There was, somehow, less of it than I had expected; but I turned it over. "And these things came round--?"

"To the masters? Oh, yes!" he answered very simply. "But I didn't know they'd tell."

"The masters? They didn't--they've never told. That's why I ask you."

He turned to me again his little beautiful fevered face. "Yes, it was too bad."

"Too bad?"

"What I suppose I sometimes said. To write home."

I can't name the exquisite pathos of the contradiction given to such a speech by such a speaker; I only know that the next instant I heard myself throw off with homely force: "Stuff and nonsense!" But the next after that I must have sounded stern enough. "What WERE these things?"

My sternness was all for his judge, his executioner; yet it made him avert himself again, and that movement made ME, with a single bound and an irrepressible cry, spring straight upon him. For there again, against the glass, as if to blight his confession and stay his answer, was the hideous author of our woe--the white face of damnation. I felt a sick swim at the drop of my victory and all the return of my battle, so that the wildness of my veritable leap only served as a great betrayal. I saw him, from the midst of my act, meet it with a divination, and on the perception that even now he only guessed, and that the window was still to his own eyes free, I let the impulse flame up to convert the climax of his dismay into the very proof of his liberation. "No more, no more, no more!" I shrieked, as I tried to press him against me, to my visitant.

"Is she HERE?" Miles panted as he caught with his sealed eyes the direction of my words. Then as his strange "she" staggered me and, with a gasp, I echoed it, "Miss Jessel, Miss Jessel!" he with a sudden fury gave me back.

I seized, stupefied, his supposition--some sequel to what we had done to Flora, but this made me only want to show him that it was better still than that. "It's not Miss Jessel!

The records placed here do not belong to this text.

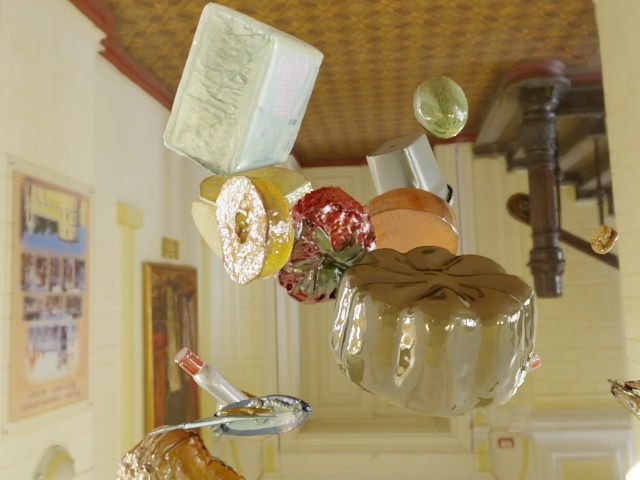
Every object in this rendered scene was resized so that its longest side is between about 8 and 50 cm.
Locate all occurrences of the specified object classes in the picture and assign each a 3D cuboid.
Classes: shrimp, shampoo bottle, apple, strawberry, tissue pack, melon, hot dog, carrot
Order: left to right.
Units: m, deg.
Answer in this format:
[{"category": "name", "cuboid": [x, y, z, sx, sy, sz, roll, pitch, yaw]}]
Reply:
[{"category": "hot dog", "cuboid": [-0.271, 0.575, 1.274, 0.366, 0.367, 0.196, 32, -142, 22]}, {"category": "shampoo bottle", "cuboid": [-0.244, 0.330, 1.395, 0.221, 0.051, 0.108, 47, 165, -23]}, {"category": "apple", "cuboid": [-0.192, -0.068, 1.626, 0.252, 0.313, 0.309, 21, 177, -43]}, {"category": "tissue pack", "cuboid": [-0.168, -0.348, 1.444, 0.205, 0.331, 0.405, 24, -165, 7]}, {"category": "strawberry", "cuboid": [0.003, 0.003, 1.395, 0.261, 0.260, 0.257, 0, -153, -19]}, {"category": "carrot", "cuboid": [0.224, -0.011, 1.665, 0.308, 0.258, 0.100, -12, -152, 17]}, {"category": "melon", "cuboid": [0.311, -0.353, 1.577, 0.139, 0.192, 0.139, -10, 145, -7]}, {"category": "shrimp", "cuboid": [0.754, 0.368, 1.429, 0.042, 0.101, 0.190, 24, -179, -19]}]

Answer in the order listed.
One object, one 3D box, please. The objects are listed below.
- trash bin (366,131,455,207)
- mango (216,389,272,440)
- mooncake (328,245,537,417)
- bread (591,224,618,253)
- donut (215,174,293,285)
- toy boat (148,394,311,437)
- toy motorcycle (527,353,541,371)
[{"category": "trash bin", "cuboid": [0.274, -0.188, 1.903, 0.220, 0.250, 0.219, -9, -158, 38]}, {"category": "mango", "cuboid": [-0.223, 0.543, 1.872, 0.262, 0.130, 0.167, -1, 132, 44]}, {"category": "mooncake", "cuboid": [0.206, 0.141, 1.122, 0.379, 0.200, 0.378, 6, -160, -2]}, {"category": "bread", "cuboid": [0.750, -0.002, 1.596, 0.046, 0.081, 0.083, 31, 171, 3]}, {"category": "donut", "cuboid": [-0.113, -0.020, 1.055, 0.075, 0.190, 0.174, -5, 154, -36]}, {"category": "toy boat", "cuboid": [-0.153, 0.304, 0.995, 0.221, 0.066, 0.291, -16, 167, 31]}, {"category": "toy motorcycle", "cuboid": [0.442, 0.336, 1.545, 0.260, 0.110, 0.171, -18, -161, -4]}]
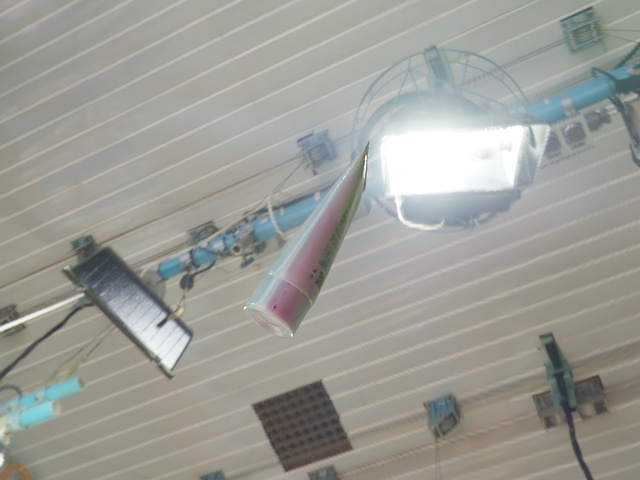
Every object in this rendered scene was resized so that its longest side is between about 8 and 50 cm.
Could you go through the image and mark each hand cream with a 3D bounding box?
[{"bbox_3d":[0.000,0.000,0.612,0.047,0.076,0.174,26,-115,13],"label":"hand cream"}]
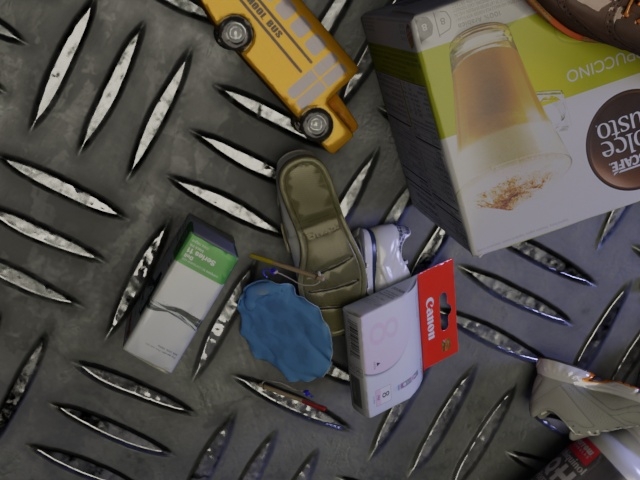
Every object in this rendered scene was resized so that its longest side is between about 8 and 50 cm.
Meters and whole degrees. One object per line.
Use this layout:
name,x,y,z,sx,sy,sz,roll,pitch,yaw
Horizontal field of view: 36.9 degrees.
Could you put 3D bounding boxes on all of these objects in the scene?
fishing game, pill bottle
fishing game,-0.053,0.142,1.521,0.189,0.041,0.264,13,122,31
pill bottle,0.473,0.436,1.657,0.318,0.176,0.176,-42,106,2

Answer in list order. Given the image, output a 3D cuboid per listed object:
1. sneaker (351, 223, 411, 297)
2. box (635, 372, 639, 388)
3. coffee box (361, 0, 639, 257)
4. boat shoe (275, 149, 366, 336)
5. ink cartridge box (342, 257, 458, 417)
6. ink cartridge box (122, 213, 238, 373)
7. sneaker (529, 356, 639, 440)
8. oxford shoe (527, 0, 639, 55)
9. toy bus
sneaker,0.104,0.089,1.566,0.094,0.090,0.235,-7,108,-23
box,0.642,0.240,1.692,0.137,0.072,0.126,9,102,-11
coffee box,0.287,-0.213,1.387,0.337,0.338,0.334,-19,105,-4
boat shoe,0.000,0.000,1.512,0.113,0.103,0.302,-13,110,-5
ink cartridge box,0.146,0.154,1.538,0.232,0.066,0.189,-20,118,-26
ink cartridge box,-0.215,0.079,1.471,0.086,0.153,0.208,29,96,-14
sneaker,0.475,0.290,1.607,0.262,0.099,0.121,17,86,29
oxford shoe,0.395,-0.280,1.145,0.363,0.133,0.130,21,98,-14
toy bus,-0.058,-0.288,1.433,0.130,0.108,0.333,-43,106,1
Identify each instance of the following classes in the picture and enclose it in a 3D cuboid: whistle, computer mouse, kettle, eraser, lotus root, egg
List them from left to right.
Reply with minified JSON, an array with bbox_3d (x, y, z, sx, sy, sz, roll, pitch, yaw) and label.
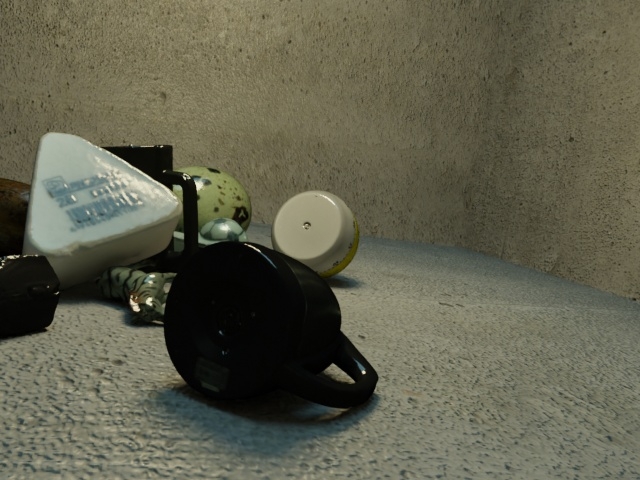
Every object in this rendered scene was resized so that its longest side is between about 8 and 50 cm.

But it's at the window--straight before us. It's THERE--the coward horror, there for the last time!"

At this, after a second in which his head made the movement of a baffled dog's on a scent and then gave a frantic little shake for air and light, he was at me in a white rage, bewildered, glaring vainly over the place and missing wholly, though it now, to my sense, filled the room like the taste of poison, the wide, overwhelming presence. "It's HE?"

I was so determined to have all my proof that I flashed into ice to challenge him. "Whom do you mean by 'he'?"

"Peter Quint--you devil!" His face gave again, round the room, its convulsed supplication. "WHERE?"

They are in my ears still, his supreme surrender of the name and his tribute to my devotion. "What does he matter now, my own?--what will he EVER matter? _I_ have you," I launched at the beast, "but he has lost you forever!" Then, for the demonstration of my work, "There, THERE!" I said to Miles.

But he had already jerked straight round, stared, glared again, and seen but the quiet day. With the stroke of the loss I was so proud of he uttered the cry of a creature hurled over an abyss, and the grasp with which I recovered him might have been that of catching him in his fall. I caught him, yes, I held him--it may be imagined with what a passion; but at the end of a minute I began to feel what it truly was that I held. We were alone with the quiet day, and his little heart, dispossessed, had stopped.